High turnover among CFOs is putting a “premium on experience” when it comes to hiring finance chiefs to fill those gaps, said Jenna Fisher, managing director, global financial officers practice for Russell Reynolds Associates .
Turnover in the CFO seat reached near-record highs during the first three quarters of the year, with 224 new finance chiefs appointed from Q1 to Q3, according to the CFO Turnover Index recently published by Russell Reynolds Associates, a leadership advisory firm. For companies in the S&P 500, turnover in the seat reached a three-year high to date, the index found.
“I think one big change that I'm already seeing that I suspect we will see more of, is a real agnosticism toward the age of CFOs,” she said in an interview. “It wouldn't surprise me at all if the average age of CFOs goes up, not down in the next few years.”
The homegrown talent advantage
Businesses are increasingly seeking out experienced financial leadership to help them steer the ship through rocky economic and geopolitical seas, the latest CFO Turnover Index by the leadership advisory firm found.
More and more businesses are looking to home-grown talent to take their top financial seat, seeking out candidates that are familiar with their businesses’ processes, goals and culture. Fifty-five percent of global incoming CFOs were internal appointments for the first three quarters of the year, according to the index.
“We're having more and more of our clients who are coming to us saying, ‘Hey, we've got two or three really terrific potential CFOs here reporting into our CFO today, help us put together developmental programs and plans for them so that they potentially can be ready for that next role in 12 months, 18 months, whatever it might be,” Fisher said.
For those companies that did make external finance chief appointments, however, experience is top of mind; the leadership advisory firm is “seeing that dichotomy, where it's like, ‘okay, either we're going to go internal and promote them, or if it's outside, it has to be kind of a standard deviation above what we have,’” Fisher said of how companies are thinking of CFO hires.
A 20-year veteran of Russell Reynolds, Fisher serves as managing director and heads its global CFO practice, focusing on the placement of senior financial officers and board members, according to her LinkedIn profile.
The IPO ‘domino effect’
Finding a candidate with that experience may be easier said than done for many companies, however, as a number of converging factors have constricted the supply of potential CFO candidates. Turnover is increasing at the same time as the average tenure in the finance seat is decreasing, shortening to an average of 5.6 years, Russell Reynolds found.
This comes as CFOs at public companies are being pulled away for a number of reasons: a higher number are being promoted to CEO or chief operating officer roles, Fisher said. Others are being enticed away by private equity firms “coming in and saying, ‘if you’d like to work as an operating partner, we'd love to have your expertise and years of experience to benefit our firm,” she said. “So that continues to be a pull.”
Lastly, the continued accounting shortage is yet another “drain” on CFO supply — the historic “feeding grounds” of the Big Four accounting firms led to a large number of finance chiefs, but “now, while it's certainly not a negative to have your CPA, that kind of training and background is not the one that's most in vogue,” she said.
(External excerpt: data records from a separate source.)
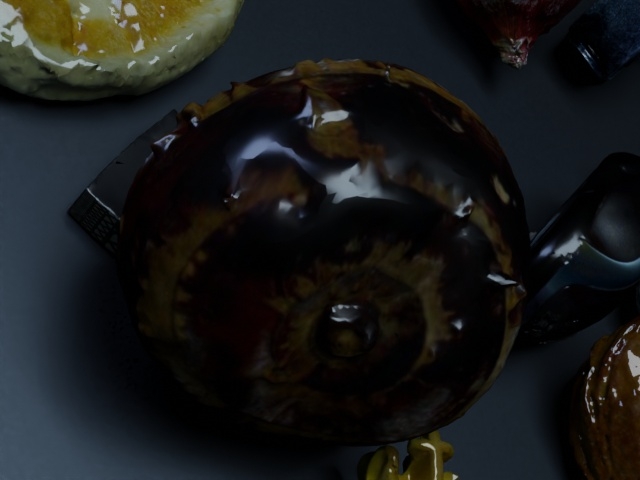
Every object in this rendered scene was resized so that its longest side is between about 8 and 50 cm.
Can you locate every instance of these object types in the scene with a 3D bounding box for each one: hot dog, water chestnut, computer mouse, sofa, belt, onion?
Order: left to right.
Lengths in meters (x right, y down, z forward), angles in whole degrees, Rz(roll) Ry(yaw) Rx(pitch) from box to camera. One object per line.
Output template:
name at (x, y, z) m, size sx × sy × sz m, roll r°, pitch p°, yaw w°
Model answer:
sofa at (-0.131, -0.043, 1.086) m, size 0.060 × 0.039 × 0.118 m, roll 45°, pitch 48°, yaw -6°
water chestnut at (0.000, 0.000, 1.022) m, size 0.300 × 0.300 × 0.300 m, roll 16°, pitch 57°, yaw -26°
onion at (0.189, -0.254, 1.354) m, size 0.159 × 0.159 × 0.195 m, roll 17°, pitch 77°, yaw -26°
computer mouse at (0.227, 0.014, 1.226) m, size 0.096 × 0.137 × 0.233 m, roll 46°, pitch 47°, yaw 2°
belt at (0.327, -0.230, 1.430) m, size 0.082 × 0.141 × 0.190 m, roll 50°, pitch 50°, yaw 3°
hot dog at (0.321, 0.191, 1.200) m, size 0.196 × 0.122 × 0.272 m, roll -17°, pitch 73°, yaw -36°

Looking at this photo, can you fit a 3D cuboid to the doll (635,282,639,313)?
doll at (0.305, -0.003, 1.343) m, size 0.120 × 0.075 × 0.180 m, roll 57°, pitch 46°, yaw -54°

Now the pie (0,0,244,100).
pie at (-0.202, -0.255, 1.137) m, size 0.339 × 0.077 × 0.339 m, roll 19°, pitch 54°, yaw -28°

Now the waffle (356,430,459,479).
waffle at (0.084, 0.301, 1.018) m, size 0.293 × 0.069 × 0.260 m, roll 50°, pitch 51°, yaw -4°
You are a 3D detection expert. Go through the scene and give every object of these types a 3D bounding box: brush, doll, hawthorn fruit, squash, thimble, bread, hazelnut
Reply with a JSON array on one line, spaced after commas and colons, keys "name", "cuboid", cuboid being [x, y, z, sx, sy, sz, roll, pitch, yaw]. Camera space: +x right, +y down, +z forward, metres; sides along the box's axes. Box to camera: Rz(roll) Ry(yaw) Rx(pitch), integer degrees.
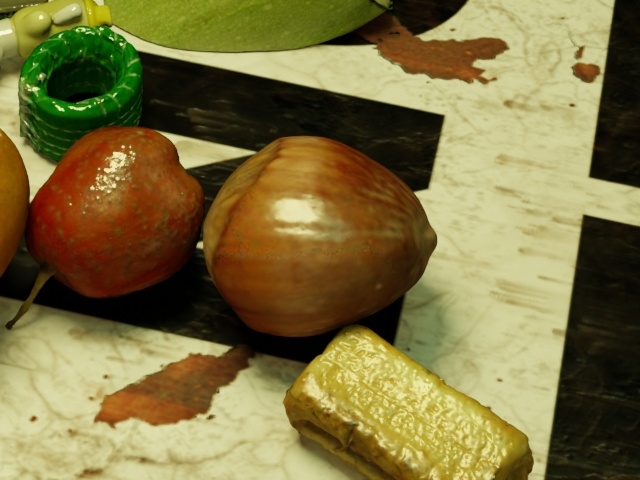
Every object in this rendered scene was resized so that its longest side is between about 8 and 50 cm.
[{"name": "brush", "cuboid": [-0.375, -0.235, 1.980, 0.190, 0.027, 0.034, -6, 46, -2]}, {"name": "doll", "cuboid": [-0.291, -0.206, 1.921, 0.162, 0.106, 0.062, -13, 82, -11]}, {"name": "hawthorn fruit", "cuboid": [-0.204, -0.008, 1.718, 0.162, 0.162, 0.203, 38, 62, 24]}, {"name": "squash", "cuboid": [-0.076, -0.271, 2.050, 0.260, 0.189, 0.189, -27, 48, 17]}, {"name": "thimble", "cuboid": [-0.234, -0.141, 1.869, 0.130, 0.090, 0.118, -27, 59, -27]}, {"name": "bread", "cuboid": [0.076, 0.164, 1.645, 0.211, 0.083, 0.114, 33, 58, 21]}, {"name": "hazelnut", "cuboid": [0.000, 0.000, 1.712, 0.214, 0.176, 0.214, 0, 28, 0]}]

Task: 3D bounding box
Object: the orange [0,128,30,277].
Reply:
[{"name": "orange", "cuboid": [-0.368, -0.019, 1.659, 0.240, 0.171, 0.240, -24, 40, 22]}]
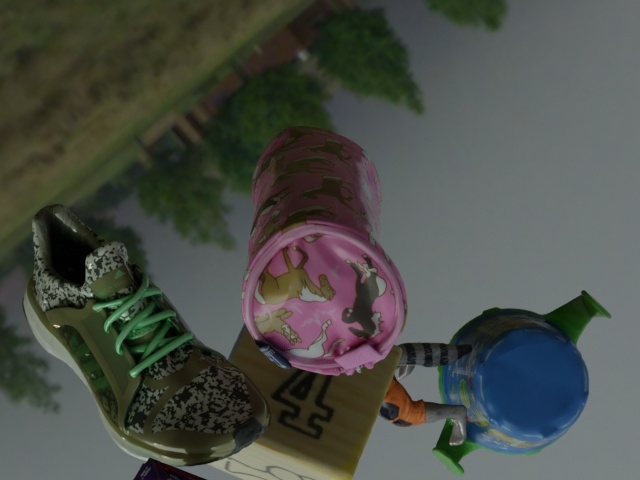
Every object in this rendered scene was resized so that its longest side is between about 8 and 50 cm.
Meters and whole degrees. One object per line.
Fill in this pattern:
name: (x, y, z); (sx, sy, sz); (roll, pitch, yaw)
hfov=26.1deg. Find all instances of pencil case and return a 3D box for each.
pencil case: (0.000, 0.000, 1.446); (0.386, 0.160, 0.167); (-95, -155, -69)

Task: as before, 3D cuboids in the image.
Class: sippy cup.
sippy cup: (0.304, 0.215, 2.088); (0.224, 0.240, 0.306); (97, 1, -85)

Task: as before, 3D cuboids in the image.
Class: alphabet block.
alphabet block: (-0.033, 0.207, 1.747); (0.192, 0.197, 0.193); (114, 0, -66)

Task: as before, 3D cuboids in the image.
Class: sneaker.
sneaker: (-0.216, 0.094, 1.518); (0.158, 0.410, 0.182); (-35, 139, -26)

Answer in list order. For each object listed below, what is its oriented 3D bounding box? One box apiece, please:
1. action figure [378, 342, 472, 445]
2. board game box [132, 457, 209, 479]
action figure: (0.040, 0.144, 2.006); (0.178, 0.330, 0.341); (-49, -143, 25)
board game box: (-0.203, 0.404, 1.455); (0.347, 0.208, 0.056); (-55, -136, 1)

As the Big Four feeding grounds have dwindled, moreover “there hasn't been another kind of feeding pot for the role of CFO,” she said.
However, one of the biggest factors contributing to current CFO supply inequity is the initial public offering space, Fisher said. The surge of IPOs in 2021 “certainly placed a serious constraint on the CFO market, because every one of those companies needs a CFO, and often that's sort of an inflection point where they want an experienced CFO, where they're upgrading their CFO, or they want a CFO that has capital markets experience,” she said.
Following that, “there’s a little bit of a domino effect,” because successful pre-IPO companies can entice IPO-experienced finance chiefs away from their current businesses — leading to yet another finance chief gap to fill, she said.
This “domino effect” may also be impacting the higher rates of turnover in certain key industries, most notably that of technology — where turnover reached 15.2%, a five-year high, according to the index.
Technology companies or those looking to conduct an IPO in the near future are also seeking experienced finance chiefs to serve as potential guides for new CEOs, Fisher said. A first-time CEO is likely looking for “an experienced CFO to be my partner and consigliere, because it's sort of my first step at bat, and it might be too risky to have two people who have never done this before,” she said.